• **EXERCISE INSTRUCTIONS**: Only one number is wanted: the count of lines in the records below that hold the word "Units".

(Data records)
▽
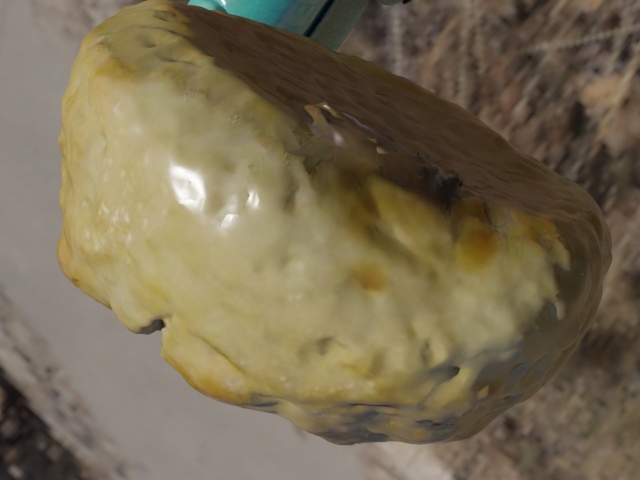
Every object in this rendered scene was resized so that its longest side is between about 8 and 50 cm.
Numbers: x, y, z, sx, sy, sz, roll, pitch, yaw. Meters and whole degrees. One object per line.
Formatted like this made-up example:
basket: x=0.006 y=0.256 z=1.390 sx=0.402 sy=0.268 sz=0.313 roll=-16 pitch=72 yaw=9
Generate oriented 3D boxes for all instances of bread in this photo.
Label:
bread: x=0.000 y=0.000 z=0.815 sx=0.244 sy=0.244 sz=0.134 roll=33 pitch=107 yaw=13

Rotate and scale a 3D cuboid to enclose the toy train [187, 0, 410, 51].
toy train: x=-0.029 y=-0.142 z=1.232 sx=0.101 sy=0.159 sz=0.248 roll=47 pitch=120 yaw=23
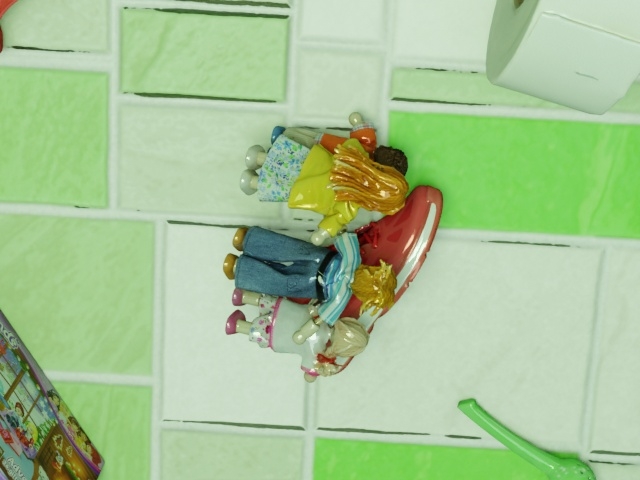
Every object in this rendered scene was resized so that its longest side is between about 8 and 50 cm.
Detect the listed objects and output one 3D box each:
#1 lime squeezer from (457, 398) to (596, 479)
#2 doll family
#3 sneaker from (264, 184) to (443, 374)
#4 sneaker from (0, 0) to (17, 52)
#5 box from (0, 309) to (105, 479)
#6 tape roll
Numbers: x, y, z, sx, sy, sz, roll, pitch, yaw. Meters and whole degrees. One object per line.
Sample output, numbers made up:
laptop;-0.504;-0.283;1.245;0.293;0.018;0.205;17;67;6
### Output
lime squeezer;0.249;0.297;1.415;0.110;0.059;0.310;-20;106;7
doll family;0.000;0.000;1.243;0.163;0.118;0.263;11;86;19
sneaker;0.019;0.019;1.323;0.128;0.087;0.221;30;104;-8
sneaker;-0.275;-0.294;1.246;0.118;0.107;0.279;27;110;-25
box;-0.330;0.159;1.314;0.057;0.201;0.293;-29;104;10
tape roll;0.232;-0.252;1.131;0.100;0.286;0.286;17;106;-4
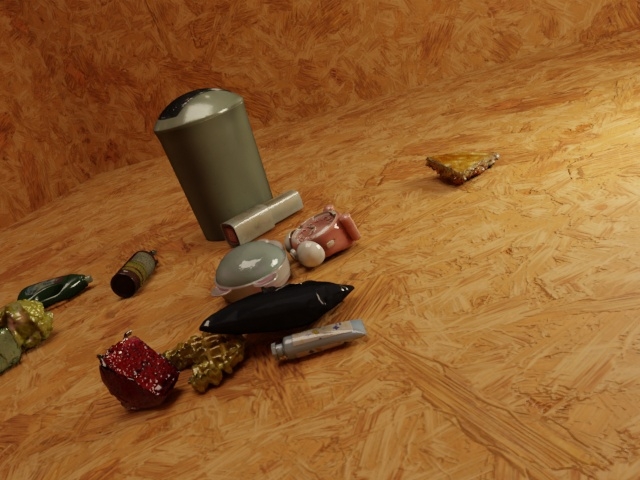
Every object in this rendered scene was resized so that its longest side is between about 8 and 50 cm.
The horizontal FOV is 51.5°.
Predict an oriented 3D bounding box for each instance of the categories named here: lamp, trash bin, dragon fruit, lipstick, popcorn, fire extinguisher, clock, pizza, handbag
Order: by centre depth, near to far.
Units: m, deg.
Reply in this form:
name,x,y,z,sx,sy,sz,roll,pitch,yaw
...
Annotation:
name,x,y,z,sx,sy,sz,roll,pitch,yaw
dragon fruit,-0.333,0.252,1.214,0.147,0.096,0.102,33,43,10
handbag,-0.076,0.128,1.279,0.254,0.089,0.211,-13,2,19
lamp,-0.156,0.056,1.550,0.179,0.108,0.246,-10,21,14
clock,0.000,0.000,1.594,0.162,0.093,0.166,-33,23,-10
popcorn,-0.752,0.211,1.677,0.145,0.126,0.126,8,16,15
pizza,0.371,-0.191,1.785,0.201,0.053,0.193,2,25,21
fire extinguisher,-0.529,0.078,1.885,0.106,0.075,0.252,-16,20,12
lipstick,-0.166,-0.070,1.934,0.253,0.077,0.079,-33,24,-33
trash bin,-0.313,-0.242,2.005,0.280,0.432,0.280,-17,20,7

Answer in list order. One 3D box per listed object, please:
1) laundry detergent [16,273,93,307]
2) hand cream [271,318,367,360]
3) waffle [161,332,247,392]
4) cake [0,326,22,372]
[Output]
name,x,y,z,sx,sy,sz,roll,pitch,yaw
laundry detergent,-0.777,0.150,1.954,0.210,0.063,0.137,-17,21,0
hand cream,-0.003,0.175,1.179,0.170,0.043,0.065,-17,19,0
waffle,-0.224,0.219,1.260,0.194,0.051,0.149,2,27,45
cake,-0.846,0.276,1.618,0.235,0.100,0.099,-6,23,33
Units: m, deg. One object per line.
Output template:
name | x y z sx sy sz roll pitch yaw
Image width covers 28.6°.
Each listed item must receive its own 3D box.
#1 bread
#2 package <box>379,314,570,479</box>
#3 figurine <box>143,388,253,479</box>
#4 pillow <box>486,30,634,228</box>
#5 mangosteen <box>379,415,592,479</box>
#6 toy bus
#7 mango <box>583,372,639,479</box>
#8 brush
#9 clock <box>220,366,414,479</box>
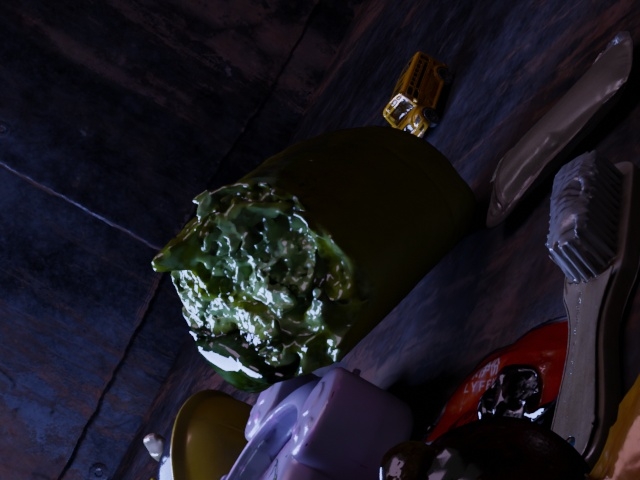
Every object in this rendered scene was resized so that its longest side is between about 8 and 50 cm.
bread | 0.000 0.000 1.335 0.251 0.208 0.376 -23 6 35
package | 0.107 0.172 0.998 0.269 0.071 0.194 -43 13 -26
figurine | -0.143 0.298 1.544 0.257 0.167 0.192 -47 37 46
pillow | 0.236 -0.110 1.249 0.232 0.038 0.130 -50 10 39
mangosteen | 0.098 0.177 0.773 0.152 0.152 0.152 -56 10 16
toy bus | 0.144 -0.212 1.899 0.069 0.074 0.162 -48 14 43
mango | 0.235 0.037 0.559 0.257 0.138 0.187 -55 -8 0
brush | 0.195 0.039 0.936 0.070 0.065 0.327 -37 23 39
clock | -0.040 0.282 1.247 0.322 0.113 0.295 -62 11 -11
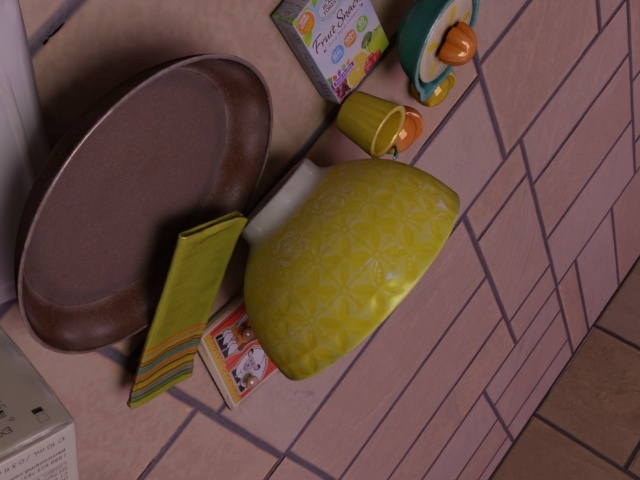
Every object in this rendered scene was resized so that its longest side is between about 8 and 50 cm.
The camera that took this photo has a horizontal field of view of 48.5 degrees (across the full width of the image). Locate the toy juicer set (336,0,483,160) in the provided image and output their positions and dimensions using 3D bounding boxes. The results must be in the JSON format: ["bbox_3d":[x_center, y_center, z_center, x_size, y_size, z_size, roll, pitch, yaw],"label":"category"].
[{"bbox_3d":[0.158,-0.239,0.878,0.329,0.089,0.209,-60,159,7],"label":"toy juicer set"}]

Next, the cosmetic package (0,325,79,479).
[{"bbox_3d":[-0.301,0.243,0.630,0.129,0.153,0.296,-24,135,-39],"label":"cosmetic package"}]

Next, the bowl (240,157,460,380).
[{"bbox_3d":[0.000,0.000,0.809,0.156,0.289,0.289,42,77,-9],"label":"bowl"}]

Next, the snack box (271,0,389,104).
[{"bbox_3d":[0.016,-0.233,0.791,0.100,0.037,0.141,-54,145,-10],"label":"snack box"}]

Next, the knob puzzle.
[{"bbox_3d":[-0.067,0.122,0.949,0.213,0.030,0.213,-29,134,-36],"label":"knob puzzle"}]

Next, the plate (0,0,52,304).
[{"bbox_3d":[-0.320,-0.025,0.531,0.278,0.045,0.277,-29,135,-35],"label":"plate"}]

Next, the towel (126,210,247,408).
[{"bbox_3d":[-0.147,0.079,0.773,0.102,0.021,0.237,-30,149,-56],"label":"towel"}]

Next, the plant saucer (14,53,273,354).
[{"bbox_3d":[-0.158,-0.037,0.652,0.310,0.050,0.310,-47,160,-23],"label":"plant saucer"}]
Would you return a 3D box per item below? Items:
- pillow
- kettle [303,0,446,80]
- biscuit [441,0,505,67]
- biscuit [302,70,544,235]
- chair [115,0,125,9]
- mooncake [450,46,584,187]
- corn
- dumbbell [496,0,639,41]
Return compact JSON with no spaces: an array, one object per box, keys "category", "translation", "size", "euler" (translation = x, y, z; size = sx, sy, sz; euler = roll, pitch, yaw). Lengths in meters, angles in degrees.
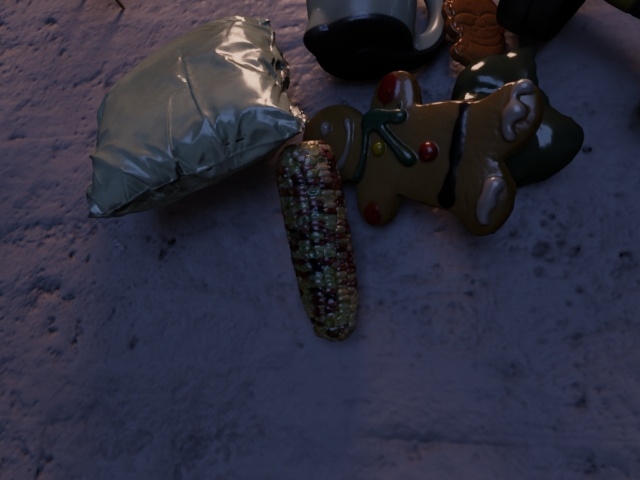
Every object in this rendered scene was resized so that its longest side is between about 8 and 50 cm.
[{"category":"pillow","translation":[-0.177,-0.170,0.567],"size":[0.310,0.138,0.283],"euler":[-26,50,6]},{"category":"kettle","translation":[0.083,-0.356,0.593],"size":[0.221,0.161,0.236],"euler":[4,76,-20]},{"category":"biscuit","translation":[0.221,-0.302,0.590],"size":[0.102,0.019,0.130],"euler":[2,78,-20]},{"category":"biscuit","translation":[0.098,-0.110,0.521],"size":[0.302,0.049,0.196],"euler":[17,103,33]},{"category":"chair","translation":[-0.408,-0.502,0.679],"size":[0.104,0.221,0.095],"euler":[26,86,15]},{"category":"mooncake","translation":[0.245,-0.154,0.530],"size":[0.175,0.104,0.168],"euler":[37,80,14]},{"category":"corn","translation":[0.000,0.000,0.530],"size":[0.086,0.086,0.253],"euler":[-12,90,8]},{"category":"dumbbell","translation":[0.387,-0.285,0.493],"size":[0.388,0.185,0.185],"euler":[40,86,16]}]
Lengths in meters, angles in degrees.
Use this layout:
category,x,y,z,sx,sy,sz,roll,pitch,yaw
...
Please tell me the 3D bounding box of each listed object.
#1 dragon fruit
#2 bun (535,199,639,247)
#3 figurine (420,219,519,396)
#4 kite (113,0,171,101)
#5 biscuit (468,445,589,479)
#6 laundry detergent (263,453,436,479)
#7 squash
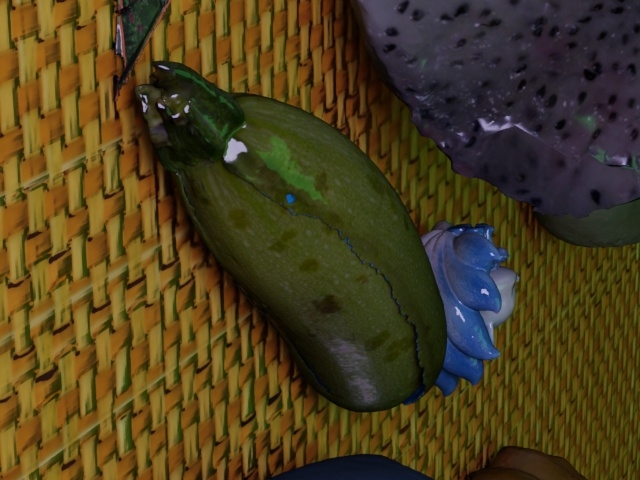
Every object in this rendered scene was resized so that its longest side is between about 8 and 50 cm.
category,x,y,z,sx,sy,sz,roll,pitch,yaw
dragon fruit,0.127,-0.167,1.068,0.283,0.204,0.221,28,33,-26
bun,0.225,-0.088,1.414,0.195,0.118,0.195,11,90,-68
figurine,0.082,0.043,1.164,0.114,0.079,0.114,175,-90,-70
kite,-0.064,-0.179,0.844,0.183,0.014,0.241,-2,99,-66
biscuit,0.142,0.310,1.364,0.325,0.107,0.326,-29,124,-58
laundry detergent,-0.025,0.178,0.948,0.290,0.094,0.143,12,103,-64
squash,0.000,0.000,0.949,0.341,0.094,0.094,56,47,-56
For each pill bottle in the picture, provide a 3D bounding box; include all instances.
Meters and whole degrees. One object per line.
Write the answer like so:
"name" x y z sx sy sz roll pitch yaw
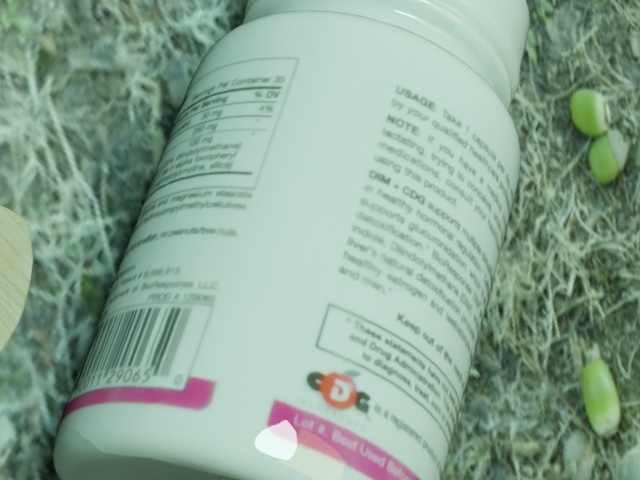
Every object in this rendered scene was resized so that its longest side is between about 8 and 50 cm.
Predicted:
"pill bottle" 0.000 0.000 0.741 0.160 0.160 0.283 38 57 -35

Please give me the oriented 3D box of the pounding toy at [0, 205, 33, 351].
"pounding toy" -0.173 -0.005 0.565 0.154 0.155 0.269 -32 105 -40
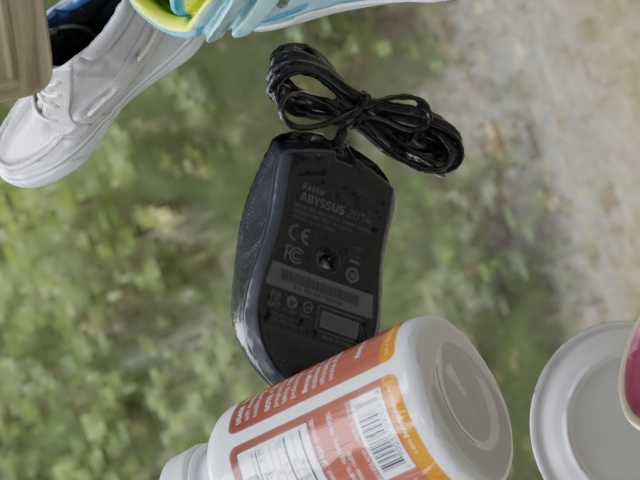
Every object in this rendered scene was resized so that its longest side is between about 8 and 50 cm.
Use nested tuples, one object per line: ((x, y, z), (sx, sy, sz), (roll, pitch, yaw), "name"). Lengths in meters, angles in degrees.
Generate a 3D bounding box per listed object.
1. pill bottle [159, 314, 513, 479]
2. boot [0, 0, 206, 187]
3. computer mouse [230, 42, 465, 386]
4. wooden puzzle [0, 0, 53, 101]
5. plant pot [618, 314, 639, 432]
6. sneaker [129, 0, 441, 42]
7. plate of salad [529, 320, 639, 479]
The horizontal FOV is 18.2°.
((0.006, 0.142, 1.294), (0.121, 0.216, 0.121), (43, -148, -36), "pill bottle")
((-0.221, -0.143, 1.705), (0.123, 0.258, 0.095), (11, -136, -55), "boot")
((0.000, 0.000, 1.563), (0.072, 0.188, 0.272), (-19, 51, 57), "computer mouse")
((-0.320, -0.185, 1.456), (0.044, 0.239, 0.221), (-129, 29, -48), "wooden puzzle")
((0.314, 0.106, 1.368), (0.180, 0.201, 0.201), (26, -167, -22), "plant pot")
((0.002, -0.211, 1.386), (0.208, 0.319, 0.127), (-17, -90, -58), "sneaker")
((0.282, 0.173, 1.834), (0.199, 0.200, 0.048), (69, 161, 5), "plate of salad")
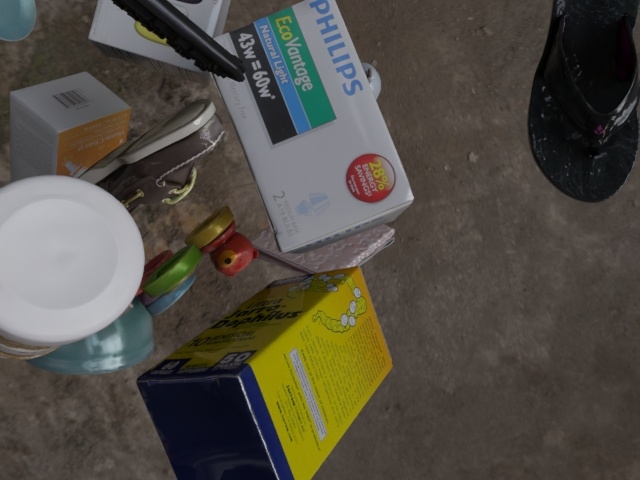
△
• **RESULT**: 2